When Mary Lou’s turn came, the Tánaiste murmured: “Do you feel wanted this morning?”

“Pardon me?”

So he repeated his query.

“Are you feeling wanted?”

“Am I what?”

The Ceann Comhairle stepped in.

“Are. You. Feeling. Wanted?”

“Kind of,” replied the Sinn Féin leader. “What do they say: the worse thing than people talking about you is people not talking about you.”

Climate change

The weather surfaced again during a debate on the setting-up of the Special Joint Committee on Climate Change. Danny Healy-Rae treated the Dáil to his well known views on the subject. “The climate has changed over the centuries when there were no fossil fuels or when there was a very limited number of cows, which are being blamed now for the change in the climate.”

This committee, he predicts, will be just a talking shop.

It will cost the Government millions to try and change the weather and that money will come from the workers’ pockets, he told the Environment Minister, Denis Naughten. Where else will it come from?

“You’ve no leprechaun, Minister, or if you have I don’t know where he is living or where you are keeping him.”

Fianna Fáil’s Timmy Dooley interjected: “They might have a couple of your fairies, Danny.” Danny is on record as saying he believes fairies are to blame for much of the state of the roads in Kerry.

The leader of the Green Party listened with a pained expression.
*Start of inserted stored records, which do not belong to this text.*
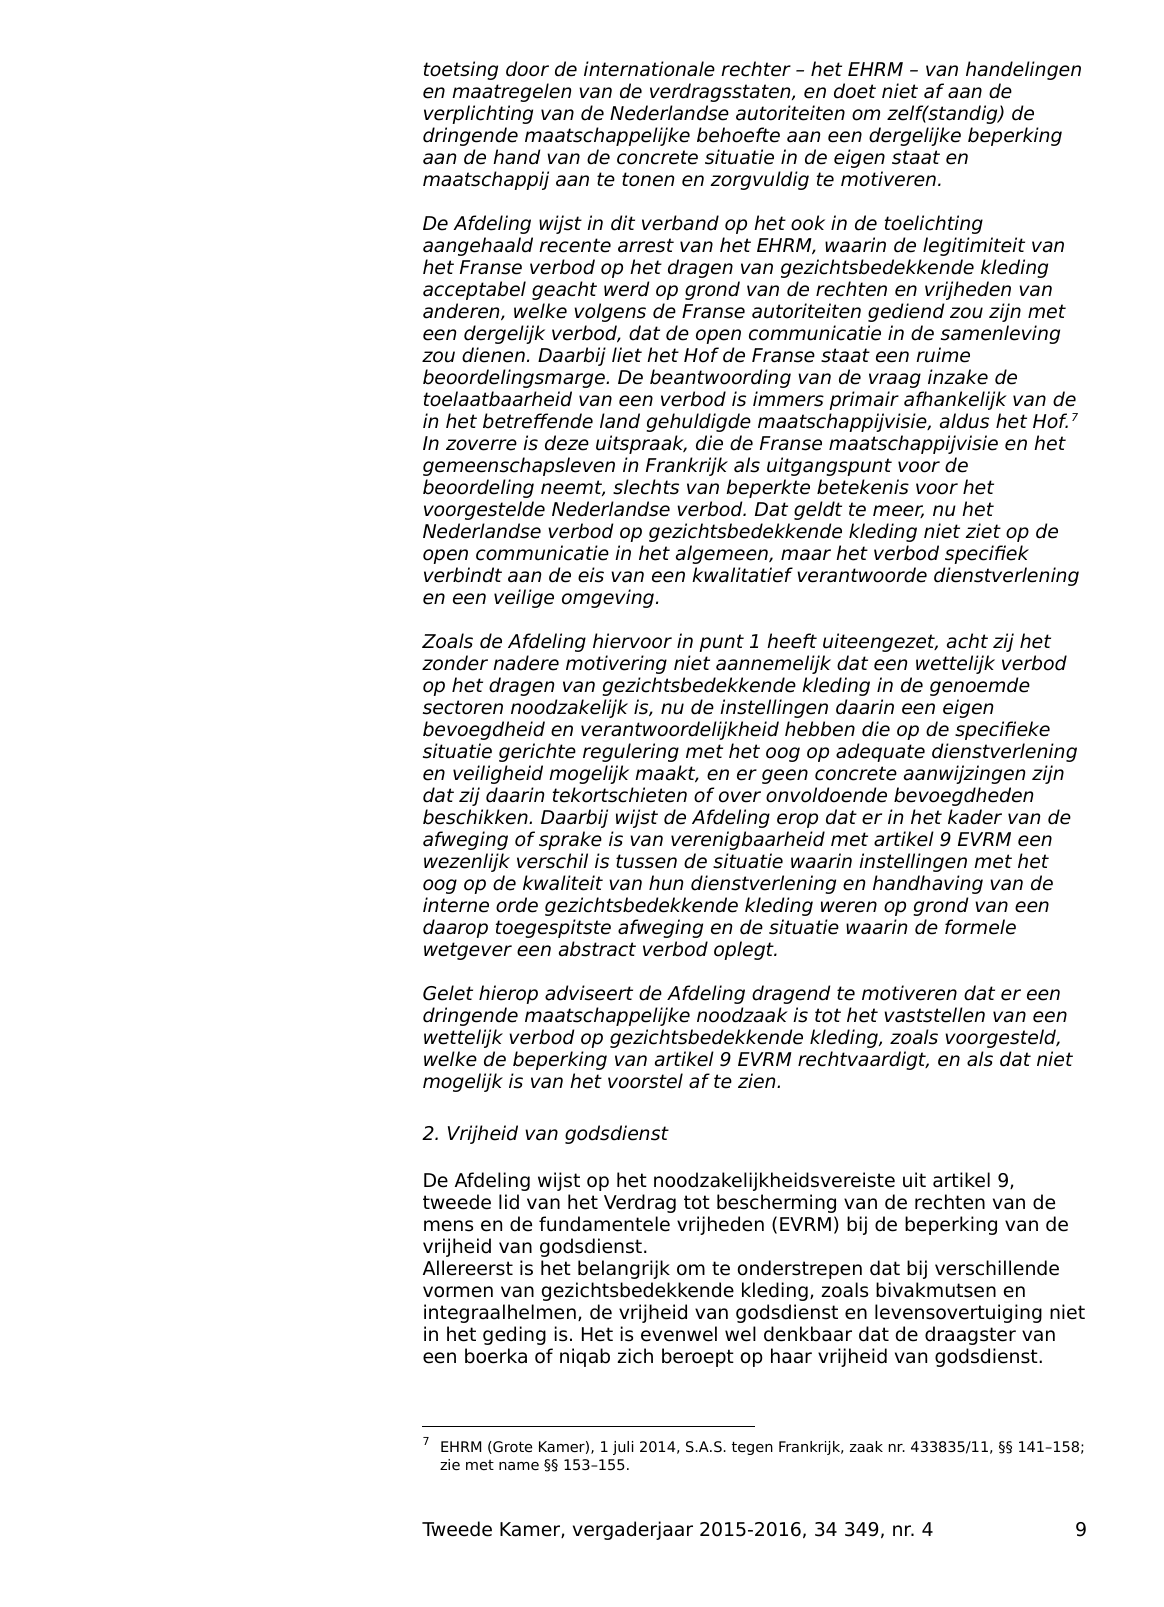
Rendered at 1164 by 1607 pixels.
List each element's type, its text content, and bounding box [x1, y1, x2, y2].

text Zoals de Afdeling hiervoor in punt 1 heeft uiteengezet, acht zij het zonder nadere motivering niet aannemelijk dat een wettelijk verbod op het dragen van gezichtsbedekkende kleding in de genoemde sectoren noodzakelijk is, nu de instellingen daarin een eigen bevoegdheid en verantwoordelijkheid hebben die op de specifieke situatie gerichte regulering met het oog op adequate dienstverlening en veiligheid mogelijk maakt, en er geen concrete aanwijzingen zijn dat zij daarin tekortschieten of over onvoldoende bevoegdheden beschikken. Daarbij wijst de Afdeling erop dat er in het kader van de afweging of sprake is van verenigbaarheid met artikel 9 EVRM een wezenlijk verschil is tussen de situatie waarin instellingen met het oog op de kwaliteit van hun dienstverlening en handhaving van de interne orde gezichtsbedekkende kleding weren op grond van een daarop toegespitste afweging en de situatie waarin de formele wetgever een abstract verbod oplegt. [422, 631, 1087, 961]
text Gelet hierop adviseert de Afdeling dragend te motiveren dat er een dringende maatschappelijke noodzaak is tot het vaststellen van een wettelijk verbod op gezichtsbedekkende kleding, zoals voorgesteld, welke de beperking van artikel 9 EVRM rechtvaardigt, en als dat niet mogelijk is van het voorstel af te zien. [422, 983, 1087, 1093]
text EHRM (Grote Kamer), 1 juli 2014, S.A.S. tegen Frankrijk, zaak nr. 433835/11, §§ 141–158; zie met name §§ 153–155. [422, 1435, 1087, 1474]
subtitle 2. Vrijheid van godsdienst [422, 1123, 1087, 1145]
text De Afdeling wijst op het noodzakelijkheidsvereiste uit artikel 9, tweede lid van het Verdrag tot bescherming van de rechten van de mens en de fundamentele vrijheden (EVRM) bij de beperking van de vrijheid van godsdienst. [422, 1170, 1087, 1258]
text De Afdeling wijst in dit verband op het ook in de toelichting aangehaald recente arrest van het EHRM, waarin de legitimiteit van het Franse verbod op het dragen van gezichtsbedekkende kleding acceptabel geacht werd op grond van de rechten en vrijheden van anderen, welke volgens de Franse autoriteiten gediend zou zijn met een dergelijk verbod, dat de open communicatie in de samenleving zou dienen. Daarbij liet het Hof de Franse staat een ruime beoordelingsmarge. De beantwoording van de vraag inzake de toelaatbaarheid van een verbod is immers primair afhankelijk van de in het betreffende land gehuldigde maatschappijvisie, aldus het Hof. In zoverre is deze uitspraak, die de Franse maatschappijvisie en het gemeenschapsleven in Frankrijk als uitgangspunt voor de beoordeling neemt, slechts van beperkte betekenis voor het voorgestelde Nederlandse verbod. Dat geldt te meer, nu het Nederlandse verbod op gezichtsbedekkende kleding niet ziet op de open communicatie in het algemeen, maar het verbod specifiek verbindt aan de eis van een kwalitatief verantwoorde dienstverlening en een veilige omgeving. [422, 213, 1087, 609]
text toetsing door de internationale rechter – het EHRM – van handelingen en maatregelen van de verdragsstaten, en doet niet af aan de verplichting van de Nederlandse autoriteiten om zelf(standig) de dringende maatschappelijke behoefte aan een dergelijke beperking aan de hand van de concrete situatie in de eigen staat en maatschappij aan te tonen en zorgvuldig te motiveren. [422, 59, 1087, 191]
text Allereerst is het belangrijk om te onderstrepen dat bij verschillende vormen van gezichtsbedekkende kleding, zoals bivakmutsen en integraalhelmen, de vrijheid van godsdienst en levensovertuiging niet in het geding is. Het is evenwel wel denkbaar dat de draagster van een boerka of niqab zich beroept op haar vrijheid van godsdienst. [422, 1258, 1087, 1367]

He very much welcomes the committee.

But Eamon Ryan fears the Government is “itching” for an election, so he issued a passionate plea to Fine Gael and Fianna Fáil to stay together for the sake of the climate.

Don’t split up until the committee has done its critical work.

Under European legislation, Ireland has to have a draft national climate and energy plan by the end of the year and it is vital that the committee concludes its work at the end of November.

“It is for that reason I say that this Dáil stays together for another year.”

We can restore Ireland’s international reputation, which is in the dog house, he cried, hastily adding: “I’m sorry for insulting dogs.”